For a quick glance at the parameters supported by the Chat Completions API, see the API reference.

The Client class allows you to run inferences simply to any model that accepts JSON-formatted inputs as a dictionary, and provides you with all JSON-formatted outputs as a dictionary. The Client class also supports the Chat Completions API and provides easy access to a set of highly optimized text models on OctoAI.

This guide will walk you through how to select your model of interest, how to call highly optimized text models on OctoAI using the Chat Completions API, and how to use the responses in both streaming and regular modes.

Requirements

  • Please create an OctoAI API token if you don’t have one already.
  • Please also verify you’ve completed Python SDK Installation & Setup.
    • If you use the OCTOAI_TOKEN envvar for your token, you can instantiate the OctoAI client with client = Client() after importing the octoai package.

Supported Models

The Client().chat.completions.create() method described in the next section requires a model= argument.
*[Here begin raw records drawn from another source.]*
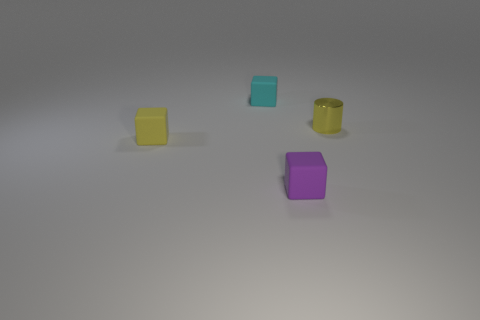Do the yellow object left of the small cyan rubber object and the purple block have the same material?
Provide a succinct answer. Yes. Is the number of yellow rubber objects that are in front of the small cylinder the same as the number of rubber things that are on the left side of the cyan thing?
Ensure brevity in your answer.  Yes. There is another tiny thing that is the same color as the metallic thing; what material is it?
Offer a terse response. Rubber. There is a small object behind the small metal cylinder; what number of purple rubber objects are on the left side of it?
Your answer should be very brief. 0. There is a small matte thing left of the cyan rubber object; does it have the same color as the tiny cube that is in front of the small yellow rubber thing?
Your response must be concise. No. What material is the yellow cube that is the same size as the yellow cylinder?
Provide a short and direct response. Rubber. There is a rubber thing behind the yellow object that is to the left of the tiny rubber block that is behind the yellow matte cube; what is its shape?
Offer a terse response. Cube. There is a metallic thing that is the same size as the purple rubber cube; what shape is it?
Your answer should be compact. Cylinder. There is a thing behind the small thing that is on the right side of the purple rubber block; how many yellow objects are left of it?
Your answer should be compact. 1. Are there more small blocks right of the cyan cube than tiny shiny things that are in front of the yellow cube?
Keep it short and to the point. Yes.

The following snippet shows you how to get a list of supported models.

Python
>>> import octoai
>>> octoai.chat.get_model_list()

The list of available models is also detailed in the API reference. You can specify the model= argument either as a string or as a octoai.chat.TextModel enum instance, such as TextModel.LLAMA2_70B.

Text Generation

The following snippet shows you how to use the Chat Completions API to generate text using Llama2.

Python
import json

from octoai.chat import TextModel
from octoai.client import Client

client = Client()
completion = client.chat.completions.create(
    model=TextModel.LLAMA_2_70B_CHAT,
    messages=[
        {
            "role": "system",
            "content": "Below is an instruction that describes a task. Write a response that appropriately completes the request.",
        },
        {"role": "user", "content": "Write a blog about Seattle"},
    ],
    max_tokens=150,
)

print(json.dumps(completion.dict(), indent=2))
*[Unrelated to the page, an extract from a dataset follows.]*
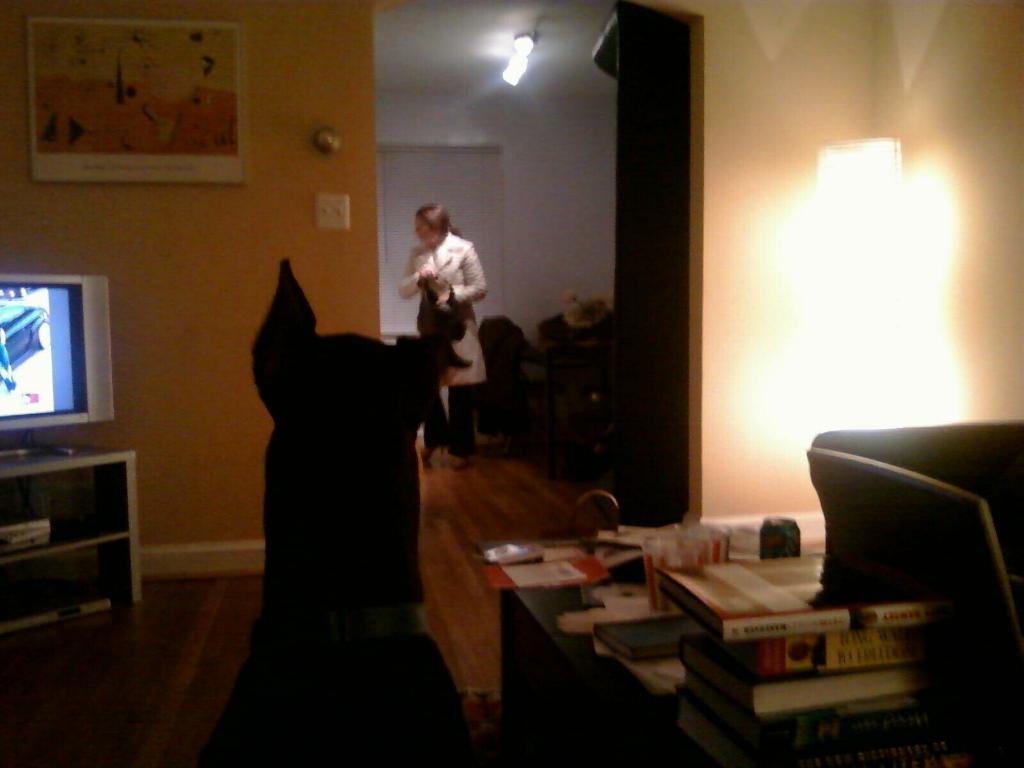Could you give a brief overview of what you see in this image? In this picture we can see a dog some books on the desk, television and a woman.

The response is of type octoai.chat.ChatCompletion. If you print the response from this call as in the example above, it looks similar to the following:

{
  "id": "cmpl-8ea213aece0747aca6d0608b02b57196",
  "choices": [
    {
      "index": 0,
      "message": {
        "role": "assistant",
        "content": "Founded in 1921, Seattle is the mother city of Pacific Northwest. Seattle is the densely populated second-largest city in the state of Washington along with Portland. A small city at heart, Seattle has transformed itself from a small manufacturing town to the contemporary Pacific Northwest hub to its east. The city's charm and frequent unpredictability draw tourists and residents alike. Here are my favorite things about Seattle.\n* Seattle has a low crime rate and high quality of life.\n* Seattle has rich history which included the building of the first Pacific Northwest harbor and the development of the Puget Sound irrigation system. Seattle is also home to legendary firm Boeing.\n",
        "function_call": null
      },
      "delta": null,
      "finish_reason": "length"
    }
  ],
  "created": 5399,
  "model": "llama2-70b",
  "object": "chat.completion",
  "system_fingerprint": null,
  "usage": {
    "completion_tokens": 150,
    "prompt_tokens": 571,
    "total_tokens": 721
  }
}

Note that billing is based upon “prompt tokens” and “completion tokens” above. View prices on our pricing page.

Streaming Responses

The following snippet shows you how to obtain the model’s response incrementally as it is generated using streaming (using stream=True).

Python
from octoai.chat import TextModel
from octoai.client import Client

client = Client()
for completion in client.chat.completions.create(
    model=TextModel.LLAMA_2_70B_CHAT,
    messages=[
        {
            "role": "system",
            "content": "Below is an instruction that describes a task. Write a response that appropriately completes the request.",
        },
        {"role": "user", "content": "Write a blog about Seattle"},
    ],
    max_tokens=150,
    stream=True,
):
  print(completion.choices[0].delta.content, end='', flush=True)

When using streaming mode, the response is of type Iterable[ChatCompletion]. To read each incremental response from the model, you can use a for loop over the returned object. The example above prints each incremental response as it arrives, and they accumulate to form the entire response in the output as the model prediction progresses.

Additional Parameters

To learn about the additional parameters supported by the Client().chat.completions.create() method, see the API reference.